_Task data_:
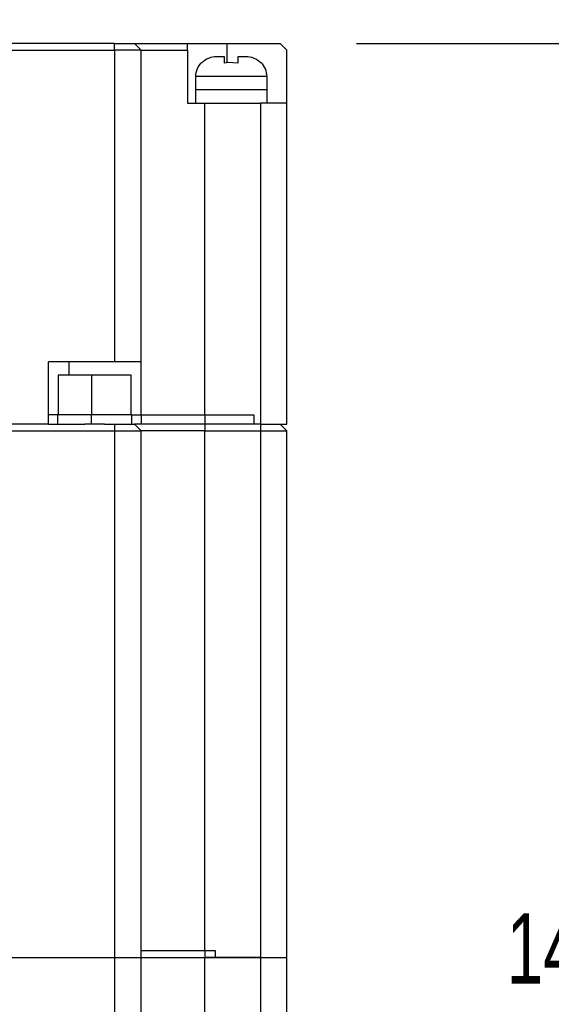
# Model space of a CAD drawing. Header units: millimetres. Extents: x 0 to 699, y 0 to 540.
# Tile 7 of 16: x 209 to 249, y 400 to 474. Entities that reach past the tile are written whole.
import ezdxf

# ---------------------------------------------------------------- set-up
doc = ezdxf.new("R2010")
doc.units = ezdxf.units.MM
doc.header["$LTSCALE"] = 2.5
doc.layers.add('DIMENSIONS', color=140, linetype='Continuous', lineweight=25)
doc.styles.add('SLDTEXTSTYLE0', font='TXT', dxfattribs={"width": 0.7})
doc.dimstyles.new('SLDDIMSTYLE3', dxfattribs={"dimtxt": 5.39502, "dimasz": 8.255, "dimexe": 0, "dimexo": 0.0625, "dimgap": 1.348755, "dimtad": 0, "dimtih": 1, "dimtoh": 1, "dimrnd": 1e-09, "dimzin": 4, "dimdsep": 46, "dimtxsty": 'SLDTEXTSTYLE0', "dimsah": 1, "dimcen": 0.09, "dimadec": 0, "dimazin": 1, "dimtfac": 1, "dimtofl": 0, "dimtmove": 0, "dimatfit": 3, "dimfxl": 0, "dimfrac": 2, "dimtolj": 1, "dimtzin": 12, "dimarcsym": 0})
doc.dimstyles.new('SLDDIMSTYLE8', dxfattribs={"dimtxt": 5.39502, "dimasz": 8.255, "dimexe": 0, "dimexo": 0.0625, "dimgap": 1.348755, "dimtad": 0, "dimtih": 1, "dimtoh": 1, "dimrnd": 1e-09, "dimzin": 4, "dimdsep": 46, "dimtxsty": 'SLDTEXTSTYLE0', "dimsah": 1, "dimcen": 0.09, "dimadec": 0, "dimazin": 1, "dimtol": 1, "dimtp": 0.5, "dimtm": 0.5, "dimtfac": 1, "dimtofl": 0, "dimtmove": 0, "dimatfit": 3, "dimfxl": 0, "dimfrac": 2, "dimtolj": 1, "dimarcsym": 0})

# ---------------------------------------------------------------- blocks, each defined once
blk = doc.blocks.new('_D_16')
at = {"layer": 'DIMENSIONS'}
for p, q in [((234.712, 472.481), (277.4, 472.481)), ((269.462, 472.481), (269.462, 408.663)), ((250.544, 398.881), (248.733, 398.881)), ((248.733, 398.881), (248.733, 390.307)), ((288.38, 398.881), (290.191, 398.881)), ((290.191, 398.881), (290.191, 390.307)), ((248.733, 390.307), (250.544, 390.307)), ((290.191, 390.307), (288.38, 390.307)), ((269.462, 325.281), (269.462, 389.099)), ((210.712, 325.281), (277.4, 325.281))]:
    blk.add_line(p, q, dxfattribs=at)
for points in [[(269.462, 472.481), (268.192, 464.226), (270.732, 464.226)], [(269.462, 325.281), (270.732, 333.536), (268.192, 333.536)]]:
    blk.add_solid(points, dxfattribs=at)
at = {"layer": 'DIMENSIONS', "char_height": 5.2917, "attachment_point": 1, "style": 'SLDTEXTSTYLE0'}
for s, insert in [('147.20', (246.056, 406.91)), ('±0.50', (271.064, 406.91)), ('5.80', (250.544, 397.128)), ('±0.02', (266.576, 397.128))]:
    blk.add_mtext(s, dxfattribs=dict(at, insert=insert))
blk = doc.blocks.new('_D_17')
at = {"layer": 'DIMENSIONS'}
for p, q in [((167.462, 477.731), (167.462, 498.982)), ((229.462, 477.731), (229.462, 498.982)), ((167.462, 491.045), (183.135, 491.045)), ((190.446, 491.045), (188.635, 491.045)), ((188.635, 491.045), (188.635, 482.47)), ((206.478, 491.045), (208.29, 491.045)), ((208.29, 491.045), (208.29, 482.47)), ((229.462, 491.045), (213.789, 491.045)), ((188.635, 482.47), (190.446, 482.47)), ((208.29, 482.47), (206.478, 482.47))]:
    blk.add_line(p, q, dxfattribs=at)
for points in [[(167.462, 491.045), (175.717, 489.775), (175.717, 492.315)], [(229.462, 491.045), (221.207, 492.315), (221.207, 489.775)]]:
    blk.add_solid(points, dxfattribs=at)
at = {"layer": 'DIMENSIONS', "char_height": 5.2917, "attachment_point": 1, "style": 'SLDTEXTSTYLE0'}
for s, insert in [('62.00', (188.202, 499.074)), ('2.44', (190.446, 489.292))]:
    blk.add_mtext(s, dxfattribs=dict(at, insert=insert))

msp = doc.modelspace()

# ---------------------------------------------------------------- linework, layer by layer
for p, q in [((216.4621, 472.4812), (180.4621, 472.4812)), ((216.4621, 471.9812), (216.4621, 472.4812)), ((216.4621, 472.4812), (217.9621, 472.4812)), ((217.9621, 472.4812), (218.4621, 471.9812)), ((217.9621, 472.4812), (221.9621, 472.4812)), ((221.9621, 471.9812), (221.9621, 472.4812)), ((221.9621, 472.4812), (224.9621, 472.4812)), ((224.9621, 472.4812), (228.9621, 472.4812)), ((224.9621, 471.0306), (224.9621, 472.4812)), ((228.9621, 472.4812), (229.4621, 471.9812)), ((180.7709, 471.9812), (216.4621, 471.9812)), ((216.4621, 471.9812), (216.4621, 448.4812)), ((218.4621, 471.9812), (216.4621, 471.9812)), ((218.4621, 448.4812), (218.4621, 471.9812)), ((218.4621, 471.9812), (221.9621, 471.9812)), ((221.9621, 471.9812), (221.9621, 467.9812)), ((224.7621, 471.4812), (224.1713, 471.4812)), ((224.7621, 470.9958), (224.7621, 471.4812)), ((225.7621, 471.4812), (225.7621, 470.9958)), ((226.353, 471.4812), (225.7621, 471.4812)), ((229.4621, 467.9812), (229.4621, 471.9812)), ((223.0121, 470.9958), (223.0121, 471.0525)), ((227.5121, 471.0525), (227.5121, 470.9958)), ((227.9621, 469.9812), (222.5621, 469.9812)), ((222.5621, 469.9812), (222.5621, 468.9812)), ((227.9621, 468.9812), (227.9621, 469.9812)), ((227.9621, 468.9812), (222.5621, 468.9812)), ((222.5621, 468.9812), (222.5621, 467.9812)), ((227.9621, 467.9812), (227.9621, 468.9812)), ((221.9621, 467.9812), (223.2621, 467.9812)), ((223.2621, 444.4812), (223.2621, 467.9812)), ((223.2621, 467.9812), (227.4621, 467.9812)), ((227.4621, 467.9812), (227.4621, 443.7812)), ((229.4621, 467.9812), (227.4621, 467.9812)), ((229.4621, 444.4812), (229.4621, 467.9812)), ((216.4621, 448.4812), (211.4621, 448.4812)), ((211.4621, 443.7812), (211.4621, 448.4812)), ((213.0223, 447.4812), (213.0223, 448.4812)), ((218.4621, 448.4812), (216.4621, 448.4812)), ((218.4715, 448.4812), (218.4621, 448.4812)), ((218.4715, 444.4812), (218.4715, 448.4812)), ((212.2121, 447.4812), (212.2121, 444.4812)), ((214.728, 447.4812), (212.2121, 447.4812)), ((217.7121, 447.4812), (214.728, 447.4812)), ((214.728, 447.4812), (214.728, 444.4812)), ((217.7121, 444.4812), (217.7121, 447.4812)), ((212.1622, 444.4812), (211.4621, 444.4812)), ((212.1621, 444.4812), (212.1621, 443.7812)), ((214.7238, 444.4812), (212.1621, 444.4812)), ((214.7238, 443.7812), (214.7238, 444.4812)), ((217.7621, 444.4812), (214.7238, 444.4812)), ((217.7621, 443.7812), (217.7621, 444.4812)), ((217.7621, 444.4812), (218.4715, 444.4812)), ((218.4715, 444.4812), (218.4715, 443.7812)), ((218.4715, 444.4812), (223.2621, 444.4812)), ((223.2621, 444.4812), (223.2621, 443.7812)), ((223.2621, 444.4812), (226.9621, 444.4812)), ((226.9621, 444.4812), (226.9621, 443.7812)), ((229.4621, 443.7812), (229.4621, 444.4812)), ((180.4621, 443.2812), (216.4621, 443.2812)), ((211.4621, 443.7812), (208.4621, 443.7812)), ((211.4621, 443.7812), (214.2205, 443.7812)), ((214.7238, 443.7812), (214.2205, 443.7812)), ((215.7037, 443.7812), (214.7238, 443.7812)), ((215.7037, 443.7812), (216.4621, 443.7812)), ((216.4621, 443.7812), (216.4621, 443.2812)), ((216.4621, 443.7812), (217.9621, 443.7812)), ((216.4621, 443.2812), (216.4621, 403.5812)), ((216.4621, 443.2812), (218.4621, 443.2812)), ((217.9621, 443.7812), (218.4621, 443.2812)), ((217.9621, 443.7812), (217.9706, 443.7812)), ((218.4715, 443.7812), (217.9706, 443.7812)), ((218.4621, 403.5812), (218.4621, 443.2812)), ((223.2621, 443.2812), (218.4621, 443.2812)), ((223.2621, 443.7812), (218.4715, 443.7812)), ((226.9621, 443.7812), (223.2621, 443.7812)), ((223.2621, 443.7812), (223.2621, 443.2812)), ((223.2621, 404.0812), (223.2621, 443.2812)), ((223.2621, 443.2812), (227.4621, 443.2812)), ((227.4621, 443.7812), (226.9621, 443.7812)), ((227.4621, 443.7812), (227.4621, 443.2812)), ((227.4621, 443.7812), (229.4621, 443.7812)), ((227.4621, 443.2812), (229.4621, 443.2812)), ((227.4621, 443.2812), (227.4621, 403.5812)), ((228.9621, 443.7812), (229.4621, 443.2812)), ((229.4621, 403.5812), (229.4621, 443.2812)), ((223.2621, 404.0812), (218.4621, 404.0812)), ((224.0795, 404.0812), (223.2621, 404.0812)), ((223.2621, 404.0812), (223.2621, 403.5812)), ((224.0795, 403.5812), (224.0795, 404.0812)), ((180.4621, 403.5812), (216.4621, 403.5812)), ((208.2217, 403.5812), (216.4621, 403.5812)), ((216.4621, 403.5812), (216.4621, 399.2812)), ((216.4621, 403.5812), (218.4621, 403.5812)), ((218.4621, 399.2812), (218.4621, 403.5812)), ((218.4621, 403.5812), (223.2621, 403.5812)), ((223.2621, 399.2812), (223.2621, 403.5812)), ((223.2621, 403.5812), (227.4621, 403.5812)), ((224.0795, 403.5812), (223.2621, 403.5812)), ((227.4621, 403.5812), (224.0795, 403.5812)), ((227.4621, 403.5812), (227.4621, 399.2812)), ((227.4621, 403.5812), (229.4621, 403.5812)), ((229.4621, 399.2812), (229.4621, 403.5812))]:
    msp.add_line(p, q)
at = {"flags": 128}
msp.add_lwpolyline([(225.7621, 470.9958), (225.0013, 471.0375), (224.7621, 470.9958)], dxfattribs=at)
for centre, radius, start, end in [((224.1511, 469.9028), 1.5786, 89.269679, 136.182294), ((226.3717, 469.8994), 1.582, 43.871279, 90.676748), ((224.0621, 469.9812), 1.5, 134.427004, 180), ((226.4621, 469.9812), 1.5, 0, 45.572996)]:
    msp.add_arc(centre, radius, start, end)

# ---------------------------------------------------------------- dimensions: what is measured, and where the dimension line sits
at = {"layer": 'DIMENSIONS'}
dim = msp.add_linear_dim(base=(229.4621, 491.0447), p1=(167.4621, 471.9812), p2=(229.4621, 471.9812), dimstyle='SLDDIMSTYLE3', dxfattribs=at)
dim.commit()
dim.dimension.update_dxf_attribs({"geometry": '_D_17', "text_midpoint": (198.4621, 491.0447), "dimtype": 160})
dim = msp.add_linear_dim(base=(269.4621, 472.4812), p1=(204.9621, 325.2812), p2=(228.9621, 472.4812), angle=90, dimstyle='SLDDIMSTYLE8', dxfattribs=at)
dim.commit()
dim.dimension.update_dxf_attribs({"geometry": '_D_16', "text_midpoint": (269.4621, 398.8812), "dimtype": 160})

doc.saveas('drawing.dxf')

_Work to be completed_:
For the string "base", work out how many lines of the entries contain it and reply with that number alone.

_Solution for this exercise_:
2